**Your task**
When you reach the line that contains "#10 car (130,639,184,671)" in the data below, start reproducing lines exactly, and stop after the line that contains "#12 car (1829,648,1919,701)".

Records contained in a dataset:
____

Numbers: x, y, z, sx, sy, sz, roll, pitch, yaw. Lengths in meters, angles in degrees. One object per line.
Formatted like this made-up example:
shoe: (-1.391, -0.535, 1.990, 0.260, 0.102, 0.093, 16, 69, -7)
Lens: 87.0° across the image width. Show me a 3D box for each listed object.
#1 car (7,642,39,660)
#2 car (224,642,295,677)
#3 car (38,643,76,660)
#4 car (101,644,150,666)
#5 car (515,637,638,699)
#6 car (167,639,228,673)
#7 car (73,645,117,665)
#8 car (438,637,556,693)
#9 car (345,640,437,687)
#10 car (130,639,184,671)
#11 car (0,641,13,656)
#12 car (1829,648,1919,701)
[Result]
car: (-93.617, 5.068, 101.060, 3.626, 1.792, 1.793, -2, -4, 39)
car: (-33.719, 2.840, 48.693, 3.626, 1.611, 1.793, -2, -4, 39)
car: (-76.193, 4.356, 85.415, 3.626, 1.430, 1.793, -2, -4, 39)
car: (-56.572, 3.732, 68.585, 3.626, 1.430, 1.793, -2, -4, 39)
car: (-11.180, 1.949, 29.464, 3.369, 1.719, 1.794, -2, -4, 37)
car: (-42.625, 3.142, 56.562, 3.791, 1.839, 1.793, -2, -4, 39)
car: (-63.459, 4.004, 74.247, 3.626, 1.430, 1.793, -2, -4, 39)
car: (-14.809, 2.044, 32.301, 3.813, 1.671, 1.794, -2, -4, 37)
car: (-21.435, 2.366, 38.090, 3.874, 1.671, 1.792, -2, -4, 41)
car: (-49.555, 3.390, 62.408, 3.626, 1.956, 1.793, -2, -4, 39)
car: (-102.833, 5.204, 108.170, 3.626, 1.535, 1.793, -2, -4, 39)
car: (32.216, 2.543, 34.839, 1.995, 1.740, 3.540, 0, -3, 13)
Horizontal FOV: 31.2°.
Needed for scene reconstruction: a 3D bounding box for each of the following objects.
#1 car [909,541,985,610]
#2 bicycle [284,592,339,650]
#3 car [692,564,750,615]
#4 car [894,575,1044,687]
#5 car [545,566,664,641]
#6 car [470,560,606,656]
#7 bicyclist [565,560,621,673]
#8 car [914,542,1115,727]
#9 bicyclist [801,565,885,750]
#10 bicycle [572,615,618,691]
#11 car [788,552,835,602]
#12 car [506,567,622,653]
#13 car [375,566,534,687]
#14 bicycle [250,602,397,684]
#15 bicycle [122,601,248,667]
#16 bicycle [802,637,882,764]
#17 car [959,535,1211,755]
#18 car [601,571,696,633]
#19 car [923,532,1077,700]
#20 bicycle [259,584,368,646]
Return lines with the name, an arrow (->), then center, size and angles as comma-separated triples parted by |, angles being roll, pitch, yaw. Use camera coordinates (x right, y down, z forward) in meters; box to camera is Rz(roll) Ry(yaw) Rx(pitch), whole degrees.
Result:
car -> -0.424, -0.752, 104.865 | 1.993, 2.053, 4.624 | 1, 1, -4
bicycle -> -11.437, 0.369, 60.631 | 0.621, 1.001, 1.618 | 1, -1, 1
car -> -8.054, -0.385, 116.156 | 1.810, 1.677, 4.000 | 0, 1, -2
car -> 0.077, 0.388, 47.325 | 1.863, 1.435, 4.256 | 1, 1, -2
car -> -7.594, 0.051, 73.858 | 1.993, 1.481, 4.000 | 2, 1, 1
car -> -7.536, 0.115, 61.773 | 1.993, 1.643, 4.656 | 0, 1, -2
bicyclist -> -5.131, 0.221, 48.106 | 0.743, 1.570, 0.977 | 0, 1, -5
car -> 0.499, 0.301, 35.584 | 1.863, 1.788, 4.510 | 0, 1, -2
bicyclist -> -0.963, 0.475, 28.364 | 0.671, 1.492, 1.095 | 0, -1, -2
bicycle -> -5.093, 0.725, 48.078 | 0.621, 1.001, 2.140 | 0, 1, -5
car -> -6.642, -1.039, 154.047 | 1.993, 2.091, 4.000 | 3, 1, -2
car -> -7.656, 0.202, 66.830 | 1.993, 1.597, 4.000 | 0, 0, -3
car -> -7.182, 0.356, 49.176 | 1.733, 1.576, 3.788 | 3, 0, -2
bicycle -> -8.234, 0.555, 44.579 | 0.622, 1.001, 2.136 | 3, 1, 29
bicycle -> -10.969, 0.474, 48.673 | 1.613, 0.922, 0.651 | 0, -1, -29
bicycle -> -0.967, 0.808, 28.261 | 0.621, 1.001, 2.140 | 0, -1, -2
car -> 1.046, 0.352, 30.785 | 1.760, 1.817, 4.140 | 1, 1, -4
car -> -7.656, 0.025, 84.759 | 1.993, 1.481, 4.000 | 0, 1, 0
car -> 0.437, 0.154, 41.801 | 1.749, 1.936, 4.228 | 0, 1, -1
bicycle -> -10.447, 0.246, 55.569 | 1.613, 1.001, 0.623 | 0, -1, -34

____

**Output below**
#10 car (130,639,184,671)
#11 car (0,641,13,656)
#12 car (1829,648,1919,701)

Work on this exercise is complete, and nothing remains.